### WHAT YOU WILL DO
Only lines with the word "combine" belong in the answer; copy them from the records below.

|---|

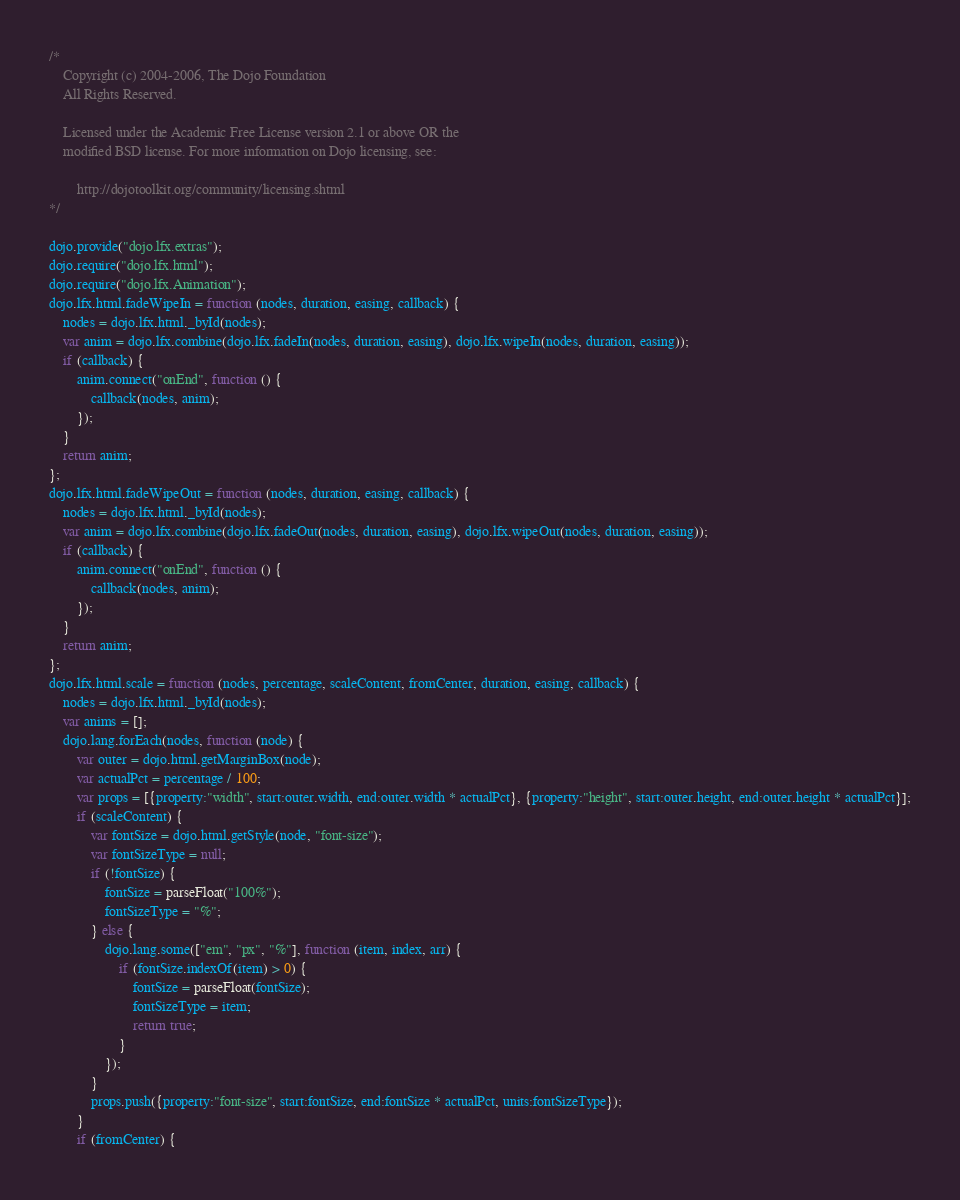Convert code to text. <code><loc_0><loc_0><loc_500><loc_500><_JavaScript_>/*
	Copyright (c) 2004-2006, The Dojo Foundation
	All Rights Reserved.

	Licensed under the Academic Free License version 2.1 or above OR the
	modified BSD license. For more information on Dojo licensing, see:

		http://dojotoolkit.org/community/licensing.shtml
*/

dojo.provide("dojo.lfx.extras");
dojo.require("dojo.lfx.html");
dojo.require("dojo.lfx.Animation");
dojo.lfx.html.fadeWipeIn = function (nodes, duration, easing, callback) {
	nodes = dojo.lfx.html._byId(nodes);
	var anim = dojo.lfx.combine(dojo.lfx.fadeIn(nodes, duration, easing), dojo.lfx.wipeIn(nodes, duration, easing));
	if (callback) {
		anim.connect("onEnd", function () {
			callback(nodes, anim);
		});
	}
	return anim;
};
dojo.lfx.html.fadeWipeOut = function (nodes, duration, easing, callback) {
	nodes = dojo.lfx.html._byId(nodes);
	var anim = dojo.lfx.combine(dojo.lfx.fadeOut(nodes, duration, easing), dojo.lfx.wipeOut(nodes, duration, easing));
	if (callback) {
		anim.connect("onEnd", function () {
			callback(nodes, anim);
		});
	}
	return anim;
};
dojo.lfx.html.scale = function (nodes, percentage, scaleContent, fromCenter, duration, easing, callback) {
	nodes = dojo.lfx.html._byId(nodes);
	var anims = [];
	dojo.lang.forEach(nodes, function (node) {
		var outer = dojo.html.getMarginBox(node);
		var actualPct = percentage / 100;
		var props = [{property:"width", start:outer.width, end:outer.width * actualPct}, {property:"height", start:outer.height, end:outer.height * actualPct}];
		if (scaleContent) {
			var fontSize = dojo.html.getStyle(node, "font-size");
			var fontSizeType = null;
			if (!fontSize) {
				fontSize = parseFloat("100%");
				fontSizeType = "%";
			} else {
				dojo.lang.some(["em", "px", "%"], function (item, index, arr) {
					if (fontSize.indexOf(item) > 0) {
						fontSize = parseFloat(fontSize);
						fontSizeType = item;
						return true;
					}
				});
			}
			props.push({property:"font-size", start:fontSize, end:fontSize * actualPct, units:fontSizeType});
		}
		if (fromCenter) {</code> 
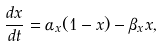<formula> <loc_0><loc_0><loc_500><loc_500>\frac { d x } { d t } & = \alpha _ { x } ( 1 - x ) - \beta _ { x } x ,</formula>

|---|

### EXERCISE RESPONSE
	var anim = dojo.lfx.combine(dojo.lfx.fadeIn(nodes, duration, easing), dojo.lfx.wipeIn(nodes, duration, easing));
	var anim = dojo.lfx.combine(dojo.lfx.fadeOut(nodes, duration, easing), dojo.lfx.wipeOut(nodes, duration, easing));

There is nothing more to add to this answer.